In this vignette, we illustrate our package with the two real data sets used in the article https://hal.archives-ouvertes.fr/hal-02936779v3.
install.packages("ZIprop")
install.packages("knitr")
install.packages("kableExtra")
install.packages("ggplot2")
install.packages("ggrepel")
install.packages("ggthemes")
install.packages("stringr")
Note that knitr and kableExtra are used to visualize tables, ggplot2, ggrepel and ggthemes to plot graphics and stringr to manipulate char.
suppressPackageStartupMessages(library(ZIprop))
library(knitr)
library(kableExtra)
library(ggplot2)
library(ggrepel)
library(ggthemes)
library(stringr)
We consider an Equine Influenza outbreak in 2003 in race horses from different training yards in Newmarket. In what follows, we use four discrete factors and one continuous factor computed from the observed variables age, sex and training yard:
The weight is the probability of transmission between horses.
Some of these factors are missing for some target-contributor pairs. Hence, the tests for assessing the effect of a given factor on the transmission probability are applied on the subset of complete data for this factor. The data set used for this study is available in the package or at this link https://doi.org/10.5281/zenodo.4837560.
data(equineDiffFactors)
summary(equineDiffFactors)
#> ID.source ID.recep weight SameYard
#> Length:2256 Length:2256 Min. :0.0000000 Length:2256
#> Class :character Class :character 1st Qu.:0.0000000 Class :character
#> Mode :character Mode :character Median :0.0000000 Mode :character
#> Mean :0.0208333
#> 3rd Qu.:0.0004431
#> Max. :1.0000000
#> SameSex DiffAge DistYard TransSex
#> Length:2256 Length:2256 Min. : 0.000 Length:2256
#> Class :character Class :character 1st Qu.: 1.107 Class :character
#> Mode :character Mode :character Median : 2.860 Mode :character
#> Mean : 23.244
#> 3rd Qu.: 4.419
#> Max. :222.182
In this example, only \(B=1000\) permutations are used. It is recommended to study the stability of the permutations tests results to choose the best number of permutations.
res_equine = permDT (
equineDiffFactors,
ColNameFactor = colnames(equineDiffFactors)[-c(1:3)],
B = 1000,
nclust = 1,
ColNameWeight = "weight",
ColNameRecep = "ID.recep",
ColNameSource = "ID.source",
num_class = "DistYard",
other_class = colnames(equineDiffFactors)[-c(1:3,7)],
multiple_test = TRUE
)
Note that all non-numeric factor are specified in the other_class option.
kbl(res_equine$dt[,c(1,2)], caption = "ALL") %>%
kable_styling(bootstrap_options = "striped", full_width = F, position = "left")
stat | pv_diff | |
---|---|---|
SameYard | 0.0500361 | 0.000 |
SameSex | 0.0066463 | 0.042 |
DiffAge | 0.0009605 | 0.789 |
DistYard | -0.2230616 | 0.000 |
TransSex | 0.0419205 | 0.000 |
Factors SameYard, SameSex, DistYard and TransSe are significantly correlated to the transmission probability whereas DiffAg is not.
kbl(res_equine$dt_multi$SameYard[,-c(3:4)], caption = "SameYard") %>%
kable_styling(bootstrap_options = "striped", full_width = F, position = "left")
stat | pv_diff | |
---|---|---|
0 - 1 | -444.0667 | 0 |
The test statistics of SameYard and DistYard being negative, horses trained in the same yard or in nearby yards have a higher chance to be linked by a transmission. This is a clearly intuitive result certainly due to higher contact rate in shared training areas.

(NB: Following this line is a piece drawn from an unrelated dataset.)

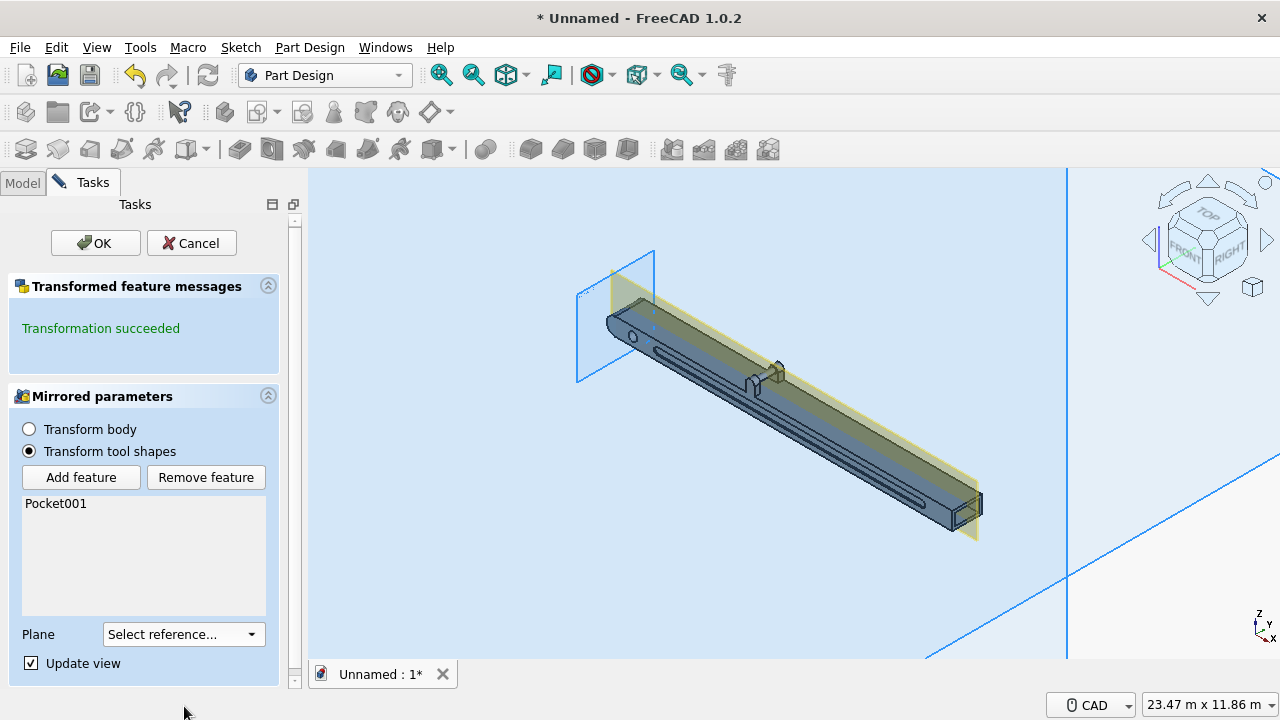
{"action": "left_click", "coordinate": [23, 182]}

kbl(res_equine$dt_multi$SameSex[,-c(3:4)], caption = "SameSex") %>%
kable_styling(bootstrap_options = "striped", full_width = F, position = "left")
stat | pv_diff | |
---|---|---|
0 - 1 | -24.7739 | 0.041 |
The statistics of post-hoc univariate tests for factor SameSex is also negative, which means that the virus better circulates between horses with the same sex.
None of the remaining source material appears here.